I cannot possibly stress enough #11 on this list --- "blow your own horn".
Software development is more meritocratic than almost anything else you can do
in technology. Devs track each other by commits and by improvements to
codebases. Some devs are loud, but even when they are, their seniority and
expertise usually manifests itself in strong opinions, not outright bragging.

The business world does not operate this way. If you assume that people will
notice and appreciate your accomplishments, you will get your lunch eaten.
Worse still, if you call the classic geek play of being loud and authoritative
as a way of expressing your accomplishments, without being explicit about why
you're qualified to do that, you will alienate and offend people.

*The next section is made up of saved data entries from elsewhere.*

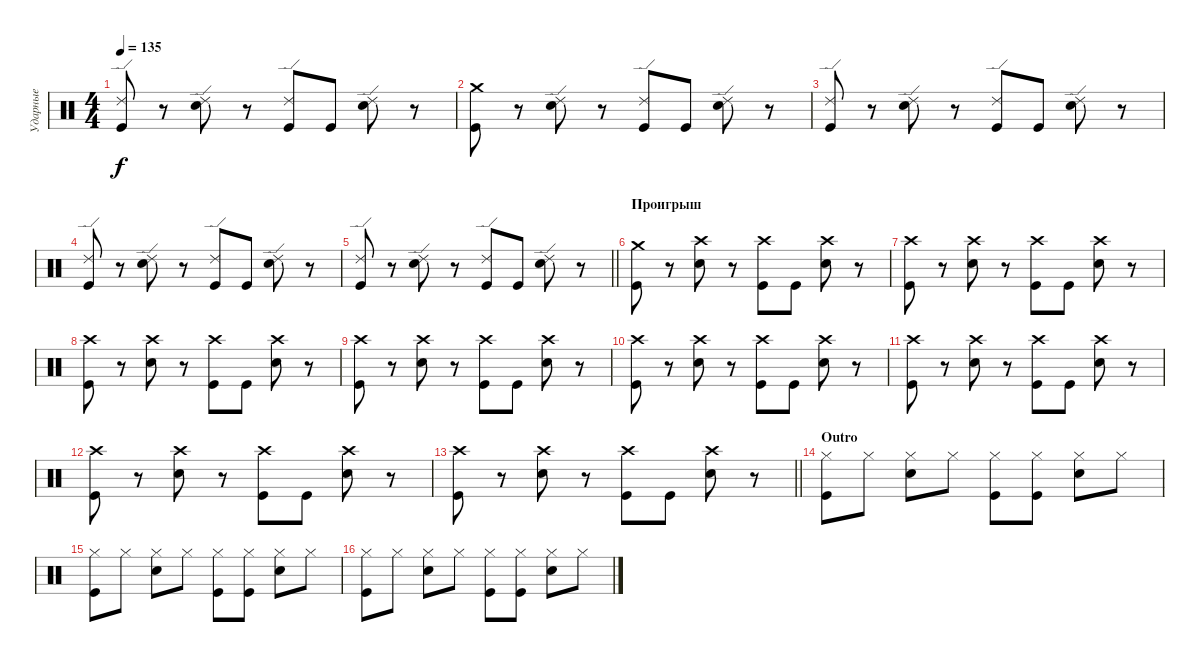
\track ("Ударные" "Ударные") {instrument percussion}
\staff {score}
\articulation defaults
\ts (4 4)
\tempo 135
\clef neutral
\ks c
("Ride (edge) 2" "Kick (hit)").8{dy f} r.8 ("Ride (edge) 2" "Electric Snare (hit)").8 r.8 ("Ride (edge) 2" "Kick (hit)").8 "Kick (hit)".8 ("Ride (edge) 2" "Electric Snare (hit)").8 r.8 |
("Crash medium (hit)" "Kick (hit)").8 r.8 ("Ride (edge) 2" "Electric Snare (hit)").8 r.8 ("Ride (edge) 2" "Kick (hit)").8 "Kick (hit)".8 ("Ride (edge) 2" "Electric Snare (hit)").8 r.8 |
("Ride (edge) 2" "Kick (hit)").8 r.8 ("Ride (edge) 2" "Electric Snare (hit)").8 r.8 ("Ride (edge) 2" "Kick (hit)").8 "Kick (hit)".8 ("Ride (edge) 2" "Electric Snare (hit)").8 r.8 |
("Ride (edge) 2" "Kick (hit)").8 r.8 ("Ride (edge) 2" "Electric Snare (hit)").8 r.8 ("Ride (edge) 2" "Kick (hit)").8 "Kick (hit)".8 ("Ride (edge) 2" "Electric Snare (hit)").8 r.8 |
\barLineRight lightlight
("Ride (edge) 2" "Kick (hit)").8 r.8 ("Ride (edge) 2" "Electric Snare (hit)").8 r.8 ("Ride (edge) 2" "Kick (hit)").8 "Kick (hit)".8 ("Ride (edge) 2" "Electric Snare (hit)").8 r.8 |
\section ("" "Проигрыш")
("Crash medium (hit)" "Kick (hit)").8 r.8 ("Crash high (hit)" "Electric Snare (hit)").8 r.8 ("Crash high (hit)" "Kick (hit)").8 "Kick (hit)".8 ("Crash high (hit)" "Electric Snare (hit)").8 r.8 |
("Crash high (hit)" "Kick (hit)").8 r.8 ("Crash high (hit)" "Electric Snare (hit)").8 r.8 ("Crash high (hit)" "Kick (hit)").8 "Kick (hit)".8 ("Crash high (hit)" "Electric Snare (hit)").8 r.8 |
("Crash high (hit)" "Kick (hit)").8 r.8 ("Crash high (hit)" "Electric Snare (hit)").8 r.8 ("Crash high (hit)" "Kick (hit)").8 "Kick (hit)".8 ("Crash high (hit)" "Electric Snare (hit)").8 r.8 |
("Crash high (hit)" "Kick (hit)").8 r.8 ("Crash high (hit)" "Electric Snare (hit)").8 r.8 ("Crash high (hit)" "Kick (hit)").8 "Kick (hit)".8 ("Crash high (hit)" "Electric Snare (hit)").8 r.8 |
("Crash high (hit)" "Kick (hit)").8 r.8 ("Crash high (hit)" "Electric Snare (hit)").8 r.8 ("Crash high (hit)" "Kick (hit)").8 "Kick (hit)".8 ("Crash high (hit)" "Electric Snare (hit)").8 r.8 |
("Crash high (hit)" "Kick (hit)").8 r.8 ("Crash high (hit)" "Electric Snare (hit)").8 r.8 ("Crash high (hit)" "Kick (hit)").8 "Kick (hit)".8 ("Crash high (hit)" "Electric Snare (hit)").8 r.8 |
("Crash high (hit)" "Kick (hit)").8 r.8 ("Crash high (hit)" "Electric Snare (hit)").8 r.8 ("Crash high (hit)" "Kick (hit)").8 "Kick (hit)".8 ("Crash high (hit)" "Electric Snare (hit)").8 r.8 |
\barLineRight lightlight
("Crash high (hit)" "Kick (hit)").8 r.8 ("Crash high (hit)" "Electric Snare (hit)").8 r.8 ("Crash high (hit)" "Kick (hit)").8 "Kick (hit)".8 ("Crash high (hit)" "Electric Snare (hit)").8 r.8 |
\section ("" "Outro")
("Hi-Hat (closed)" "Kick (hit)").8 "Hi-Hat (closed)".8 ("Hi-Hat (closed)" "Electric Snare (hit)").8 "Hi-Hat (closed)".8 ("Hi-Hat (closed)" "Kick (hit)").8 ("Hi-Hat (closed)" "Kick (hit)").8 ("Hi-Hat (closed)" "Electric Snare (hit)").8 "Hi-Hat (closed)".8 |
("Hi-Hat (closed)" "Kick (hit)").8 "Hi-Hat (closed)".8 ("Hi-Hat (closed)" "Electric Snare (hit)").8 "Hi-Hat (closed)".8 ("Hi-Hat (closed)" "Kick (hit)").8 ("Hi-Hat (closed)" "Kick (hit)").8 ("Hi-Hat (closed)" "Electric Snare (hit)").8 "Hi-Hat (closed)".8 |
("Hi-Hat (closed)" "Kick (hit)").8 "Hi-Hat (closed)".8 ("Hi-Hat (closed)" "Electric Snare (hit)").8 "Hi-Hat (closed)".8 ("Hi-Hat (closed)" "Kick (hit)").8 ("Hi-Hat (closed)" "Kick (hit)").8 ("Hi-Hat (closed)" "Electric Snare (hit)").8 "Hi-Hat (closed)".8

Here's a freebie from my list:

Don't write long email messages. Don't ever write documents in the form of
email messages. Businesspeople use email differently than you do. They've
never been on mailing lists. They never read Usenet. If you have something to
say that needs to be remembered, put it in a Word document, "brand" the
document ("The $XXX Plan"), and send that instead. A bunch of times, I wrote
marketing copy or feature/function definitions in 4 page email messages and
discovered weeks later that nobody had ever paid attention to them.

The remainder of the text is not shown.